§ Input
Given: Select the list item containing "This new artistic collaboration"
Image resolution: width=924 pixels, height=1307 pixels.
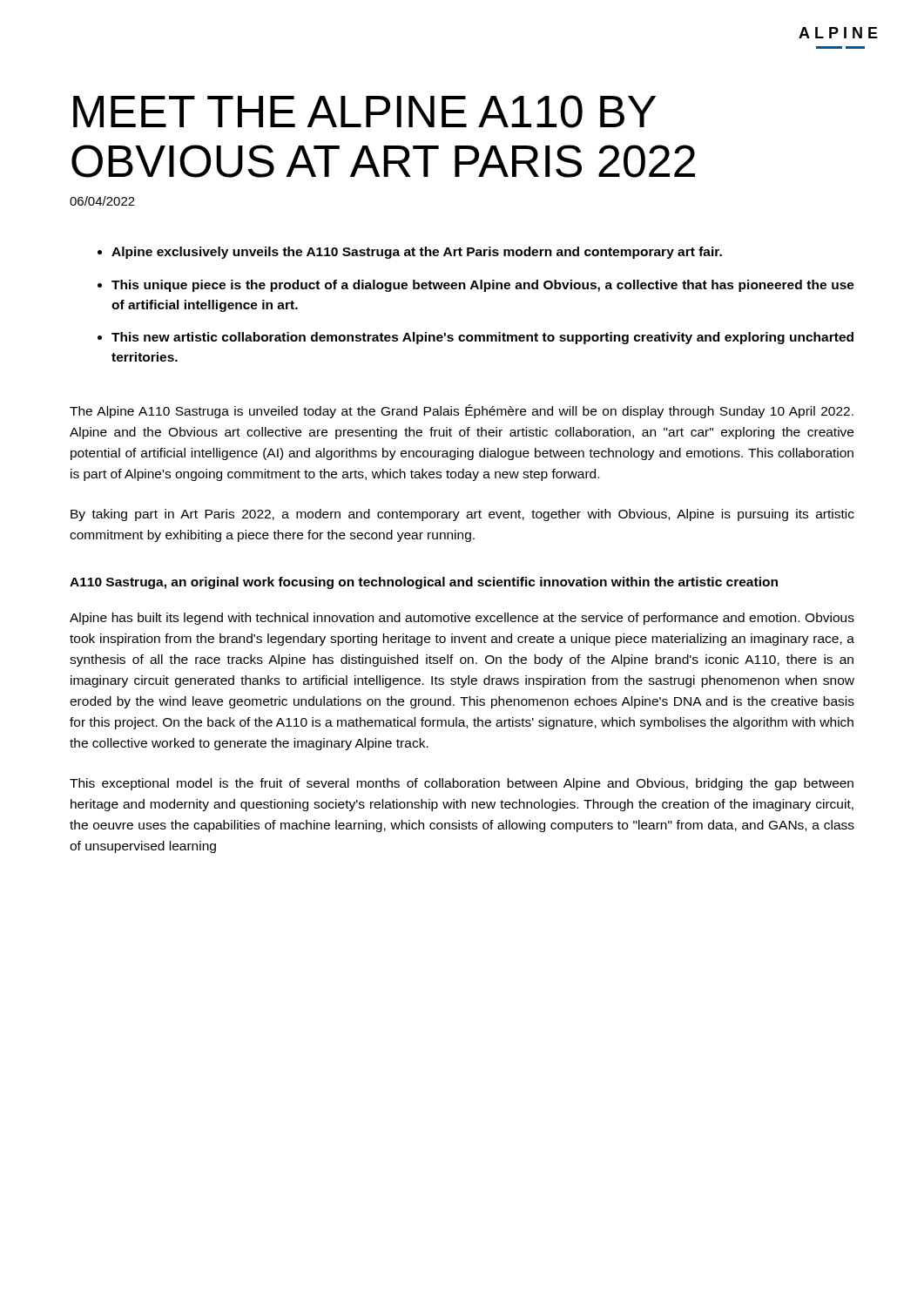Looking at the screenshot, I should 483,347.
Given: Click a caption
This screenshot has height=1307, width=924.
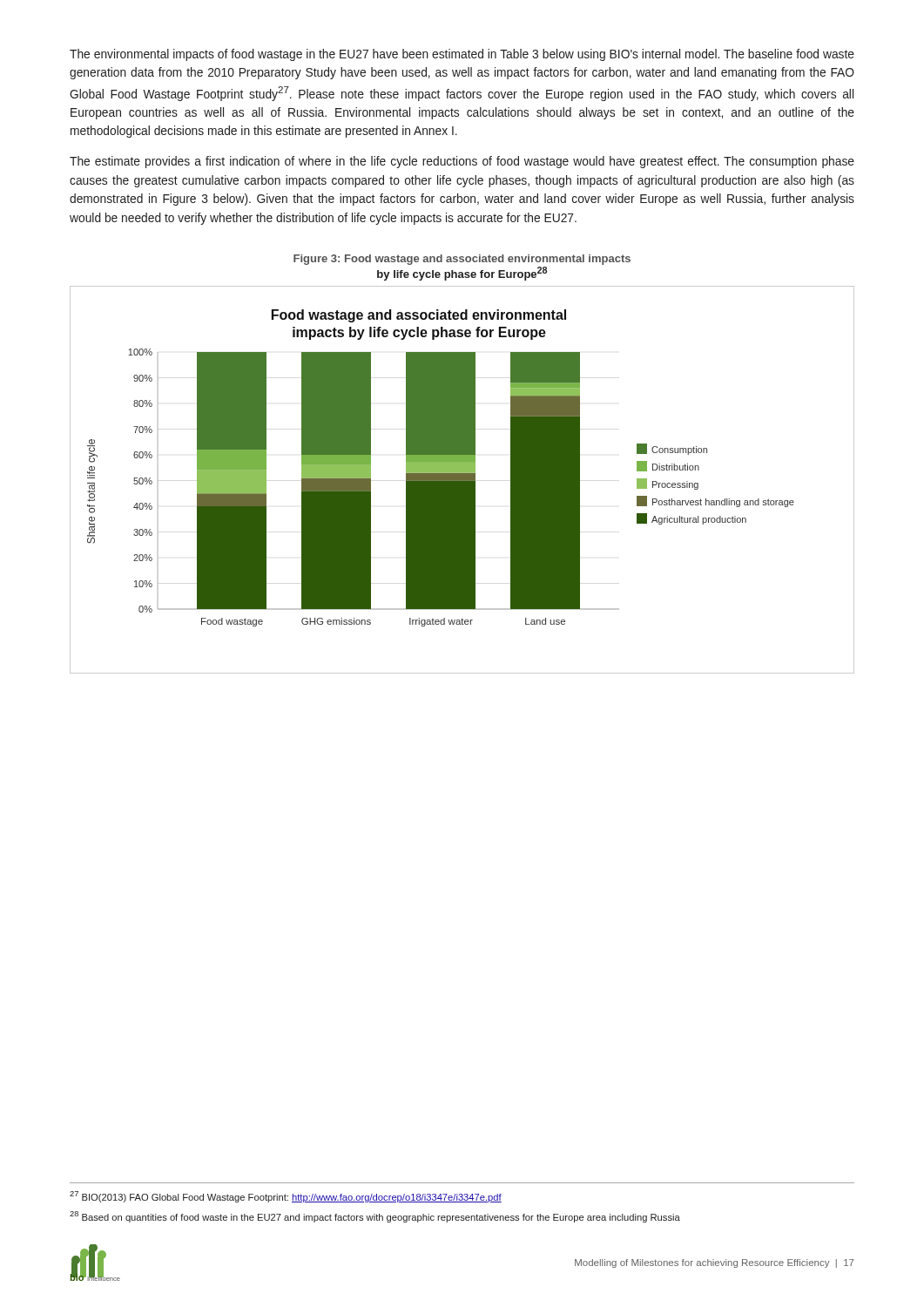Looking at the screenshot, I should (x=462, y=266).

§ Exercise goal
Every record above must be printed exactly, except for its images.

§ Answer space
Given: Select the list item containing "This new artistic collaboration"
Image resolution: width=924 pixels, height=1307 pixels.
Looking at the screenshot, I should 483,347.
Given: Click a caption
This screenshot has height=1307, width=924.
Looking at the screenshot, I should (x=462, y=266).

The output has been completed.